Social health insurance appears in many different shapes and sizes across the world. But there are a few key features that are common to all schemes, and that distinguish it from other resource-mobilising policies such as taxation, private insurance and charging user fees at the point of service.
These are that it is legislated by government and requires regular, compulsory contributions by members; that eligible members cannot opt out of a scheme or be excluded by the scheme; premiums are calculated according to income; benefit packages are standardised; and contributions are earmarked for spending on health services.
Together these features create large ‘risk pools’ where a stable membership of contributors and their dependents cross-subsidises the care of the elderly, sick and poor with premiums paid by the healthy and wealthy. This promotes equity within the membership of the scheme.
Also, by reducing the number of people whose health care has to be funded out of the public budget, or by contributing to the public budget through fees paid directly to public services, it has the wider effect of improving equity across the entire health care system.
Heidi Kruger, spokesperson for the Board of Healthcare Funders, said the medical aid schemes were expecting the proposal to go ahead and they had done a lot of work on how they would administer the claims for the enormous influx of members.
It would be a real advantage for medical aids as their membership would double – which would take them to about 14 million members – but they would have to come up with a way of containing costs. “This is the challenge,’ she said.
Professor Di McIntyre, director of the University of Cape Town’s Health Economics Unit, said the plan rested on the ability of medical aids to contain costs.
“At present medical scheme contributions are rising at double the rate of inflation and for many people membership is becoming increasingly unaffordable.
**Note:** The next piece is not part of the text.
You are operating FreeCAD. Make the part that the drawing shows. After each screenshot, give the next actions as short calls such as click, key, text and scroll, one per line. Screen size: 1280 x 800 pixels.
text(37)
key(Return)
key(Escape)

If this trend is not reversed, a social health insurance scheme will soon become unsustainable,” she said.
Neva Seidman Makgetla, co-ordinator of fiscal, monetary and public sector policy at Cosatu, said “we are not happy with the social health insurance proposals at all. It is a way of making the poor pay for the poorest”.
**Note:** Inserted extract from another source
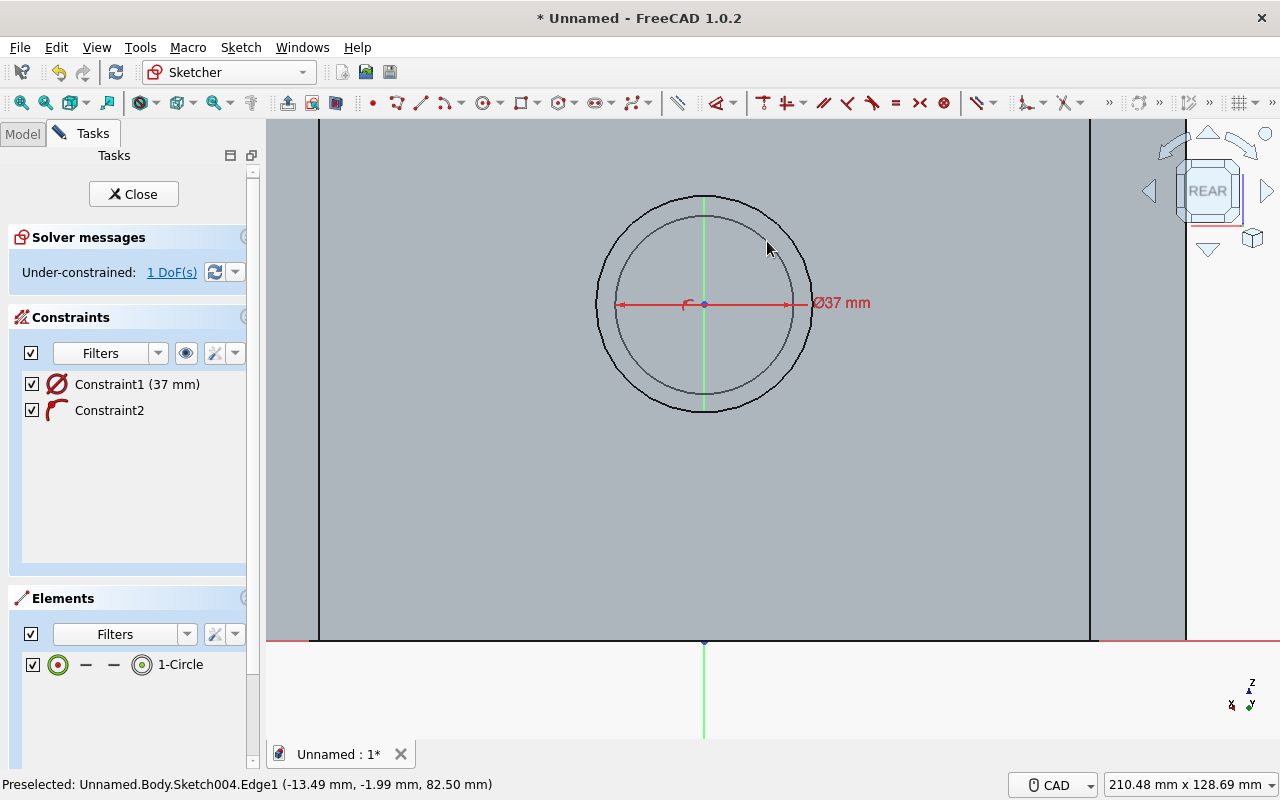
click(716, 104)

The concern of the union movement is that their members are at present receiving these services from the state for free – and now they will have to pay for them. The counter argument is that under the new plan they will be receiving better quality of care.
McIntyre said the original proposals were that everyone who is insured, including those who currently have medical aid, would fall under the social health insurance scheme – which would promote a wider distribution of resources. But under the present proposals, the medical aid schemes and the state fund will be completely separate, which rules out cross-subsidisation between high income and low income groups.
She said this would limit the extent to which the original objectives of the social health insurance proposals could be met – it was envisaged that the social health insurance could extend health insurance cover in South Africa, as there would be substantial cross subsidisation and lower income groups would pay relatively little in contributions to the fund.
The other potential landmine, said McIntyre, is that government would now have to pay for the contributions of all civil servants. At present, government spends a considerable amount of money on the medical scheme contributions of civil servants. However, only half of all civil servants are currently covered by medical schemes, and if the new fund is introduced, then government spending on contributions for health insurance cover could double – and questions are being raised as to whether this is affordable.
In the end, the view is that there is still potential for social health insurance to be a positive development, it just needs to be properly structured.
The concern is that the specific proposals currently on the table will have a limited impact on equity and are not sufficiently robust to generate the improvements in resources and quality of care so badly needed by the public sector.